Note I said “abstract data type.” First we’ll talk about the properties and assumptions we might expect from a List, in the abstract. Then we’ll do an actual, concrete implementation of the data type and see how it measures up.

“List” is a very overloaded term; we’ll simplify this by choosing a specific set of assumptions, that implicitly define an abstraction:

Declare an List of Strings called strings.

Allocate a String List and assign it to strings.

Insert the string “Hi” at the front of the list strings.

Append the string “Bye” at the end of the list strings.

Print the zeroth element of strings.

Print the length of strings.

List<String> strings;
strings = new ArrayList<>();
strings.add(0, "Hi");
strings.add("Bye");
System.out.println(strings.get(0));
System.out.println(strings.size());

Some things to notice:

The type of strings is List<String>. It’s a variable of type List; we could also make it of type ArrayList or LinkedList, but what we care about is that it satisfies the List interface (see the javadocs).

Further, it’s a parameterized type.

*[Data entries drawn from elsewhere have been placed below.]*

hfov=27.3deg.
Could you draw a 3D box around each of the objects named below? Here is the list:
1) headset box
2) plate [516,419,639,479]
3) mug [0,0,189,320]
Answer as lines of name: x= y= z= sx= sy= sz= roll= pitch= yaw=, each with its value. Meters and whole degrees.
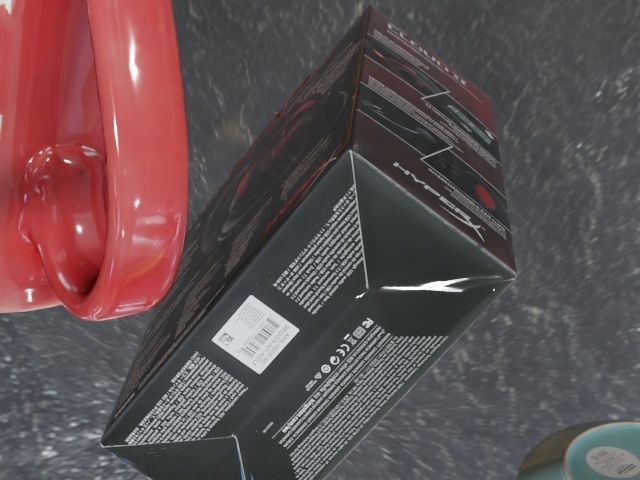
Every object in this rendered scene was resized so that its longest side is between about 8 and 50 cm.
headset box: x=0.000 y=0.000 z=0.783 sx=0.110 sy=0.293 sz=0.218 roll=36 pitch=112 yaw=-12
plate: x=0.232 y=0.169 z=0.917 sx=0.188 sy=0.188 sz=0.024 roll=2 pitch=115 yaw=-1
mug: x=-0.077 y=-0.071 z=0.379 sx=0.150 sy=0.113 sz=0.169 roll=27 pitch=126 yaw=14
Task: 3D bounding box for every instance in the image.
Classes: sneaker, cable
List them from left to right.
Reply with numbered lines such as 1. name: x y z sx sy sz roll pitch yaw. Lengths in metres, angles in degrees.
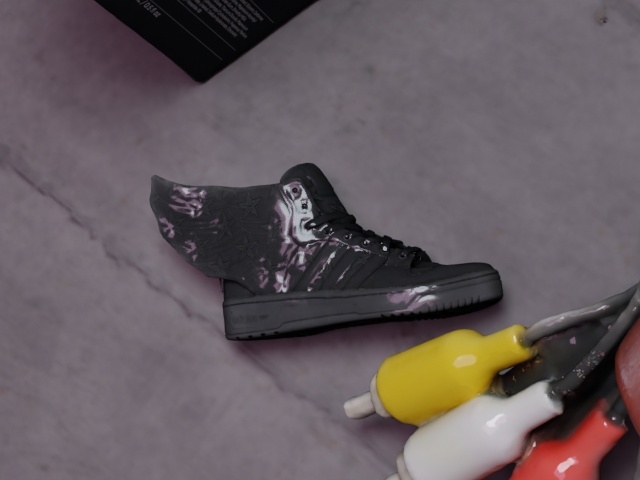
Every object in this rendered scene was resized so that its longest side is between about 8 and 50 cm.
1. sneaker: 0.001 0.000 0.770 0.170 0.051 0.089 -9 81 19
2. cable: 0.125 0.050 0.652 0.139 0.072 0.287 51 133 12

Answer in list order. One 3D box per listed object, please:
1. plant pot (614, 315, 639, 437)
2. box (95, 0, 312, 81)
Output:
1. plant pot: 0.251 0.008 0.480 0.272 0.272 0.265 45 111 20
2. box: -0.050 -0.195 0.713 0.184 0.261 0.103 -32 72 9

Much like methods can take arguments, so can types! Usually, we see this with container classes (like Lists), where the argument (in <>s) is the type of thing it’s holding. More on this later.

Sorta-like arrays, Lists have an add operation that either appends, or inserts at a specified point – we illustrate both here. They also have a set operation, but it can only replace existing items, not insert new ones. And a get, which is much like array lookups.